## PROVIDED DATA

== Segment start ==

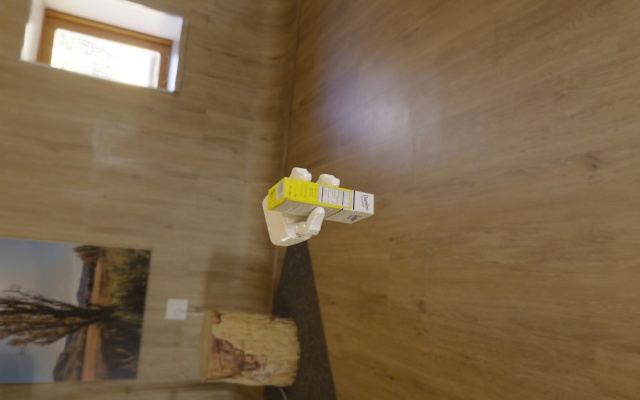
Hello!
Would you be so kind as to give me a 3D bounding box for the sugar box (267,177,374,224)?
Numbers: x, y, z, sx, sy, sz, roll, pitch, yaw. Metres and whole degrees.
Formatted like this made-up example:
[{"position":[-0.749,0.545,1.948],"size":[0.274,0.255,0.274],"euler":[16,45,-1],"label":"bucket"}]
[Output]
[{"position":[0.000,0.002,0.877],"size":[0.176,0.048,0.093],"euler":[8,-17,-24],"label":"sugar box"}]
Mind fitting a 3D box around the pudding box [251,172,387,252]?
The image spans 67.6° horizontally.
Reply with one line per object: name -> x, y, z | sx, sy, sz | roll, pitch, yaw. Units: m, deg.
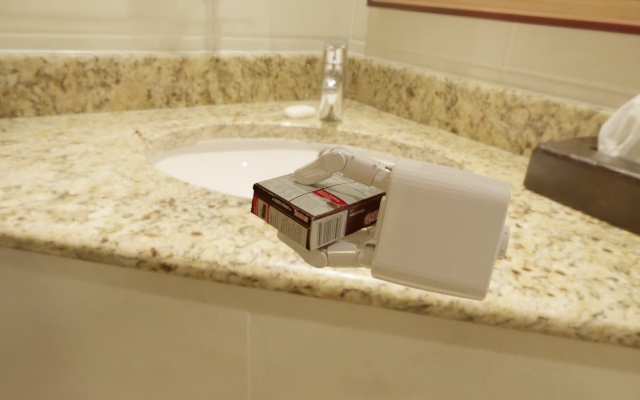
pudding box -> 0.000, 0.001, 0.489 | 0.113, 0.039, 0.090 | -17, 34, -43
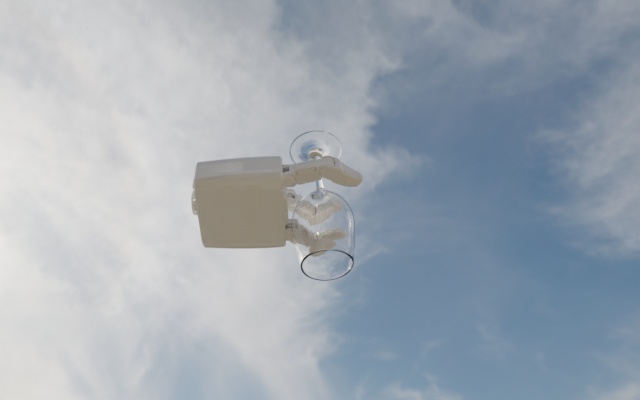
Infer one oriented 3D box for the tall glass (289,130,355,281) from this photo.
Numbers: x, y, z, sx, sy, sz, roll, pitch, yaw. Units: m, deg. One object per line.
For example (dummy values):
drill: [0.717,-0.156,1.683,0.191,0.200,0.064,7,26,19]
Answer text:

== Segment end ==
== Segment start ==

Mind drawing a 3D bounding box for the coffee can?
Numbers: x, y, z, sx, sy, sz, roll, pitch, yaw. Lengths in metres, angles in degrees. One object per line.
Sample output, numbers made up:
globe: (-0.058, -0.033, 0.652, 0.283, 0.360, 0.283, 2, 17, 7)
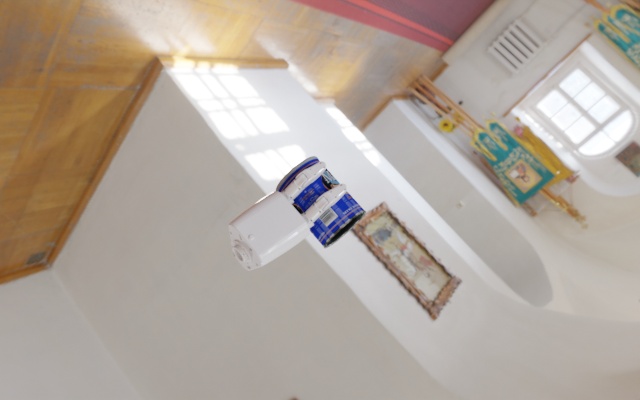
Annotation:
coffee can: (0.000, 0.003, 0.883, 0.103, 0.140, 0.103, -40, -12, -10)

== Segment end ==

## TASK INSTRUCTIONS
The reply should consist of one number: how many lines of the material contain the word "bounding".

## SOLUTION TO THIS EXERCISE
2